Os analistas têm dificuldade em analisar o balanço da empresa. Em 2006, por exemplo, a receita bruta atingiu R$ 2,036 bilhões, um volume considerável, que registrou crescimento de 16,4% em relação ao ano anterior. A margem bruta, que mede a relação entre o lucro bruto e a receita bruta, ficou em 26,5%. "O número parece razoável, mas é necessário comparar com o de outras empresas responsáveis pela infra-estrutura aeroportuária em outros países, para saber se o resultado é bom ou não", comenta o analista de um grande banco.

Segundo o coordenador do Núcleo de Estudos de Competição e Regulação do Transporte Aéreo (Nectar), Alessandro Oliveira, no resto do mundo, empresas de infra-estrutura aeroportuária e as que fazem parte de sua cadeia produtiva "têm reputação de serem bastante lucrativas", enquanto às companhias aéreas muitas vezes sofrem com margens apertadas. No Brasil, o quadro tem sido o inverso, nota ele. "A Infraero tem uma gestão que não é a melhor que se pode ter, sofrendo com a ingerência política", diz ele.
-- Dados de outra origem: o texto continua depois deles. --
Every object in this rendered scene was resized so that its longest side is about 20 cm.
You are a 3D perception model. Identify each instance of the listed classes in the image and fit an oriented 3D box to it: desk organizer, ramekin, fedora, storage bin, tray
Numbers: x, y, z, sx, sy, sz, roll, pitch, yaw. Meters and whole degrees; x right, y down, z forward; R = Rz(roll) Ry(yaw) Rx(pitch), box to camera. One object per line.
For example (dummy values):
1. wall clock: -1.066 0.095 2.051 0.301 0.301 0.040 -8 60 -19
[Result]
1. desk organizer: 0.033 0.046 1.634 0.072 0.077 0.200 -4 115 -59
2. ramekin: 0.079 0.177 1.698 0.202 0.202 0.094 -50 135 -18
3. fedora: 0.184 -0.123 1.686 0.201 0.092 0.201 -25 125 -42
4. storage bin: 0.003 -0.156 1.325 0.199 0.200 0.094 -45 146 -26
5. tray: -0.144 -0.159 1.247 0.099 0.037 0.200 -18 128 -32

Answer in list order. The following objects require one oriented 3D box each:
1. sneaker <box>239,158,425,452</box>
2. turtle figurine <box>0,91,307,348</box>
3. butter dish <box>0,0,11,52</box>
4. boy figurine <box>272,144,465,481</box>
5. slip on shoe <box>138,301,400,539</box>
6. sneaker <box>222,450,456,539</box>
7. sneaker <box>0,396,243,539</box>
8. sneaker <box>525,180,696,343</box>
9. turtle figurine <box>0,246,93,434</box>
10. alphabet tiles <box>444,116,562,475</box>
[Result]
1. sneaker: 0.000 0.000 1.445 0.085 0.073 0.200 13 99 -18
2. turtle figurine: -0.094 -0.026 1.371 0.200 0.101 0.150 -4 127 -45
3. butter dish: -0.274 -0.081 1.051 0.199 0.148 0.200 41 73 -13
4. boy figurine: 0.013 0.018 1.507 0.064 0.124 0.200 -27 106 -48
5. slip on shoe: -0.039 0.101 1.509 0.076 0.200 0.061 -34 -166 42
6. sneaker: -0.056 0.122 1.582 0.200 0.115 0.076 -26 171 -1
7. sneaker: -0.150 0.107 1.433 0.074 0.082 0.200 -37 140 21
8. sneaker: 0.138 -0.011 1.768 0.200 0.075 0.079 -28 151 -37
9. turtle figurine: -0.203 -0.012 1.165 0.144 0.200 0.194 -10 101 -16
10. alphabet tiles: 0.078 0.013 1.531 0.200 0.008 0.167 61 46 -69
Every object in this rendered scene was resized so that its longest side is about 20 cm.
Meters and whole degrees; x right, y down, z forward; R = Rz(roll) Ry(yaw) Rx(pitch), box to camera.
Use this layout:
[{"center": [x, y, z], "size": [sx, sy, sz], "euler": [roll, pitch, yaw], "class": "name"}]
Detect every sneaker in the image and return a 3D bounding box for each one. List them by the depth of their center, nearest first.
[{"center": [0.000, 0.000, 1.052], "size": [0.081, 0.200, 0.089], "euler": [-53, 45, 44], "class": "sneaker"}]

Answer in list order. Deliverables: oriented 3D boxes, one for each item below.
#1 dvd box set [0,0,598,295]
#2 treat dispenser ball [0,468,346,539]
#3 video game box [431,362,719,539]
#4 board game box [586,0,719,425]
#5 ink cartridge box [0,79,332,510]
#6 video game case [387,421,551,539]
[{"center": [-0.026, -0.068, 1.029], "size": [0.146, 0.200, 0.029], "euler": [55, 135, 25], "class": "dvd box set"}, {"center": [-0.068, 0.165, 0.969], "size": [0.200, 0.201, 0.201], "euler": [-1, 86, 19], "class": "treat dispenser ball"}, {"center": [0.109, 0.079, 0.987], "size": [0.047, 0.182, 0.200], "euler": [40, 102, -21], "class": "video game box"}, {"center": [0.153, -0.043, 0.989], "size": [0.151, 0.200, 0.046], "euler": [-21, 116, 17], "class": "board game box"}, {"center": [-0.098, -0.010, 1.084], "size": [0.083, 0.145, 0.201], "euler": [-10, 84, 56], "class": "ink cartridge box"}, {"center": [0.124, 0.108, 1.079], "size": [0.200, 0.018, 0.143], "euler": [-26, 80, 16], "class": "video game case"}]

Oliveira acredita que a abertura de capital pode ser bem sucedida. "Tudo vai depender do desenho institucional que vai ser adotado." Uma empresa monopolista que tenha flexibilidade para cobrar tarifas adequadas tem tudo para ser rentável e interessar aos investidores - desde que seja administrada profissionalmente, diz Oliveira.

O timing da operação também é um ponto delicado. O setor aéreo passa por crise grave e a credibilidade da Infraero está baixíssima. A empresa é vista como ineficiente e vulnerável à corrupção. Outro analista diz que será necessário esperar um tempo razoável para vender parte das ações da companhia. "É necessário esperar baixar a poeira e deixar claro que a gestão da empresa mudou, assim como as práticas de governança corporativa", diz ele. Há quem acredite que é possível montar a abertura do capital em três a seis meses.

O diretor da Modal Asset, Alexandre Póvoa, tem uma visão mais pessimista sobre a eventual operação. Se quiser vender as ações por um bom preço, o governo não deve fazer a operação às pressas, avalia ele. Para Póvoa, é necessário pelo menos um ano para "limpar a casa", dar um direcionamento para a empresa, mostrar algum resultado da nova administração e montar um modelo de gestão compartilhada com o setor privado (ainda que sem abrir mão do controle da companhia). Sem esse conjunto de ações, o negócio será ruim para o governo, deixando de interessar a muitos investidores, adverte ele.